In fact the very first Bell Shakespeare production we saw after moving to Melbourne was Bell's 1999 version of the play, set in the trenches of World War I (and you can see Narrelle's review of the production by clicking here).
|Photo by Michele Mossop|
This time, the setting has been moved to World War II. Rather than the field of battle, however, we're looking at a room just beneath street level, scattered with broken bookshelves and piles of reference books.
The young cast is playing school students, accompanied by a middle-aged teacher. As the bombs of the Blitz rain down on the street outside, causing loud explosions and flashes of light, we watch these students present Shakespeare's history plays to pass the time.
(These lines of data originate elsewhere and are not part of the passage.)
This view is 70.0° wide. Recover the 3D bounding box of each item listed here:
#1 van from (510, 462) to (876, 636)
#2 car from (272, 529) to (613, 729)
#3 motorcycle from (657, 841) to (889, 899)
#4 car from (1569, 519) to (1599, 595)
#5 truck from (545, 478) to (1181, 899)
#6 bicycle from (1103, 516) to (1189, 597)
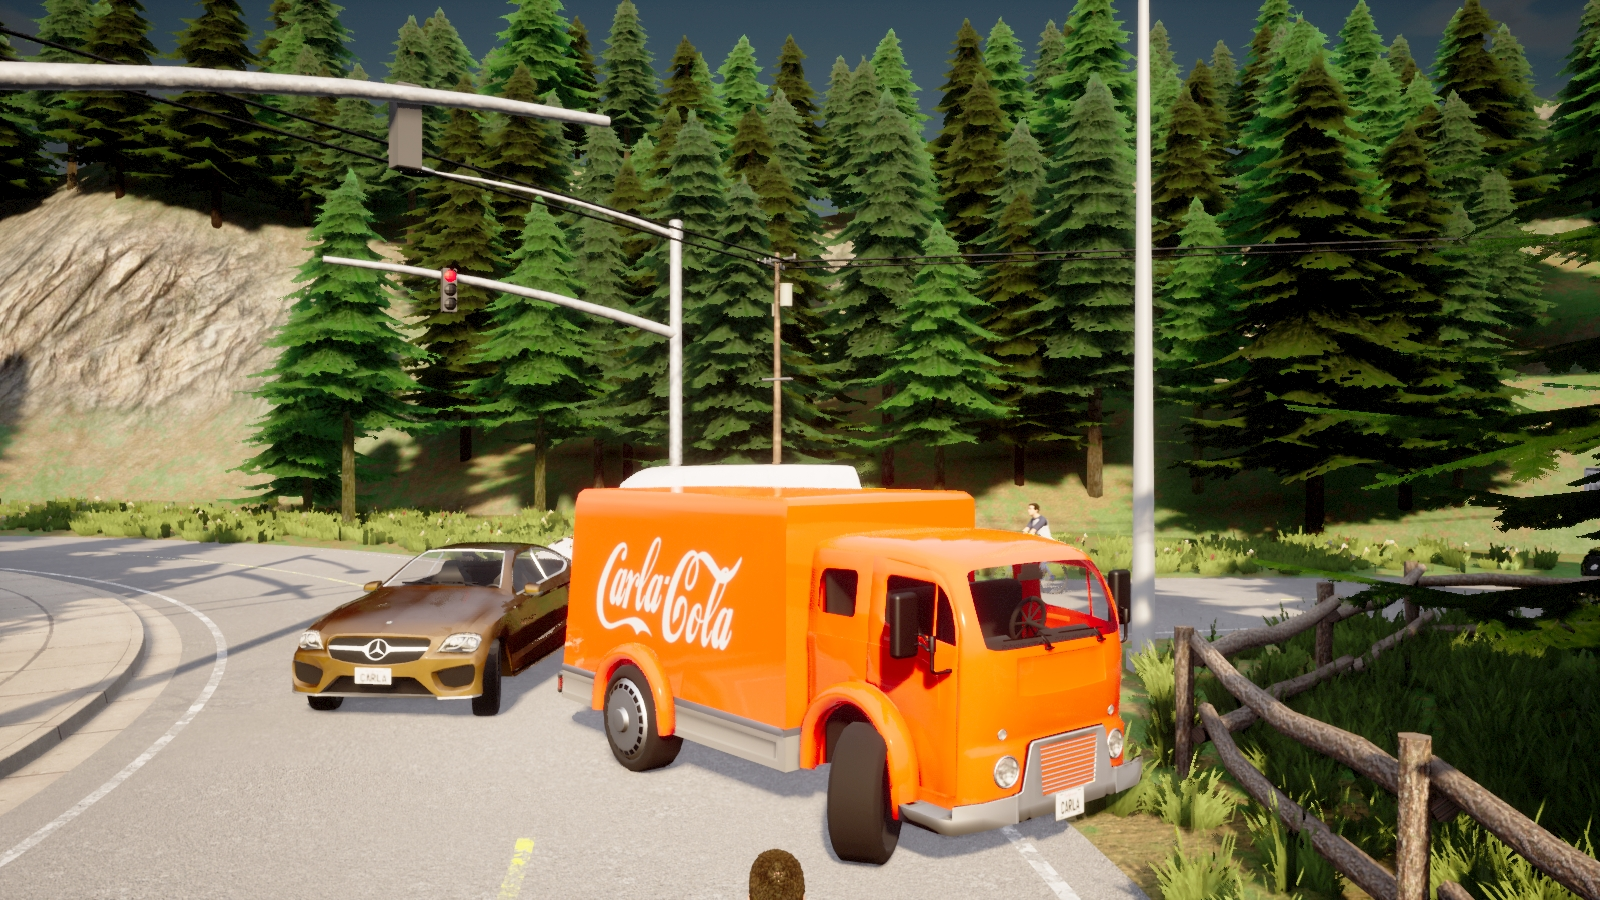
[{"bbox_3d":[-1.759,1.527,19.558,5.915,2.561,1.988,0,0,-27],"label":"van"},{"bbox_3d":[-4.038,1.970,14.038,2.152,1.651,5.027,0,0,6],"label":"car"},{"bbox_3d":[-0.074,2.159,3.526,0.803,1.199,2.033,0,0,-2],"label":"motorcycle"},{"bbox_3d":[17.715,2.118,22.192,4.181,1.385,1.994,0,0,15],"label":"car"},{"bbox_3d":[0.202,1.542,9.769,2.627,2.467,5.204,0,0,-39],"label":"truck"},{"bbox_3d":[6.736,2.056,22.227,1.643,1.496,0.373,0,0,-14],"label":"bicycle"}]
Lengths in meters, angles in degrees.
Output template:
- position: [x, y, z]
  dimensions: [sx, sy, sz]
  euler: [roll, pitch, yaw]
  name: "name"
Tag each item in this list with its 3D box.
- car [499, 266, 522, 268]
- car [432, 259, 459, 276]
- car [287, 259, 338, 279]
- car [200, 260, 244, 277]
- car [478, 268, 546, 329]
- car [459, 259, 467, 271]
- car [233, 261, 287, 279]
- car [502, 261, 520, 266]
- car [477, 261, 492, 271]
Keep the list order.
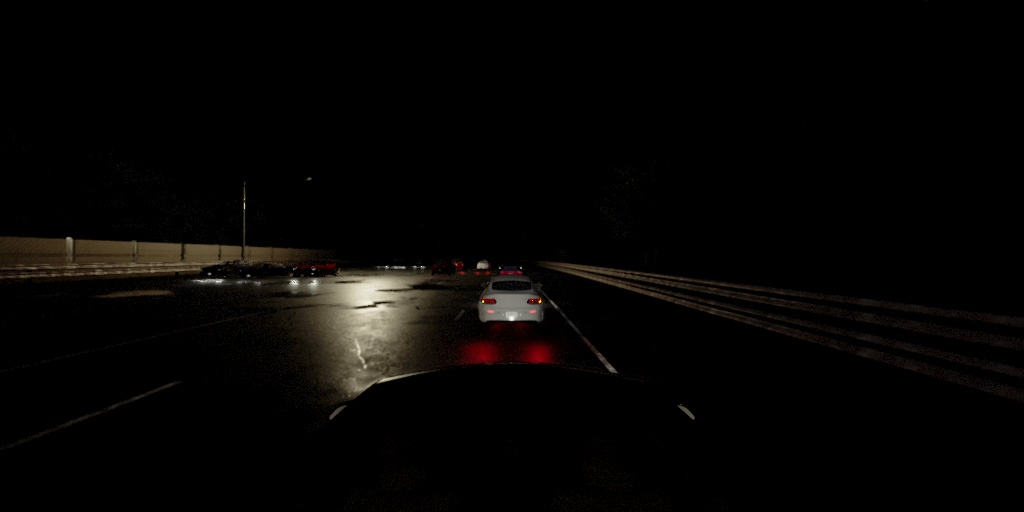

Key snatches of Richard II and Henry IV are presented, cleverly adding background, then finally we arrive at our play. This preliminary opening feels something like the "Previously on..." announcements at the start of TV shows, but also acclimatises us to the play-within-a-play setup.
|Photo by Michele Mossop|
And what a wonderful setup it is. By liberating this historical play from its sole role of relating a historical narrative, all manner of flexibility is created. As it's a production by a random bunch of students sheltering from the Blitz, fascinating use can be made of the "found objects" in their below-ground room.
Bookshelves are shifted into different configurations to represent boats, walls or trenches; the room's blackboard is enlisted to enliven the long speech about Salic Law at the beginning; and piles of books are used as seating and to imitate dinner plates.
|Michael Sheasby as Henry V. Photo by Michele Mossop.|
It's also natural for actors to take on different roles as the story progresses: switching between English and French characters, for example. And space is created for female actors to play male roles in this very masculine play, a necessity given the limited number of students present to take on the parts.
There's also room for unexpected developments, something you don't anticipate when seeing a well-known Shakespeare play.
When a German pilot suddenly appears through the students' door at the end of the first act, dragging his parachute behind him, the production is elevated from make-believe into something much darker; a development played out in full in the second act.
|Michael Sheasby as Henry V and Darcy Brown as Le Fer. Photo by Michele Mossop.|
This is an impressive and stimulating vision of Henry V, with a solid ensemble cast who tackle the complex staging with assurance. It's also that most unusual thing in the world of Shakespeare: a production that surprises.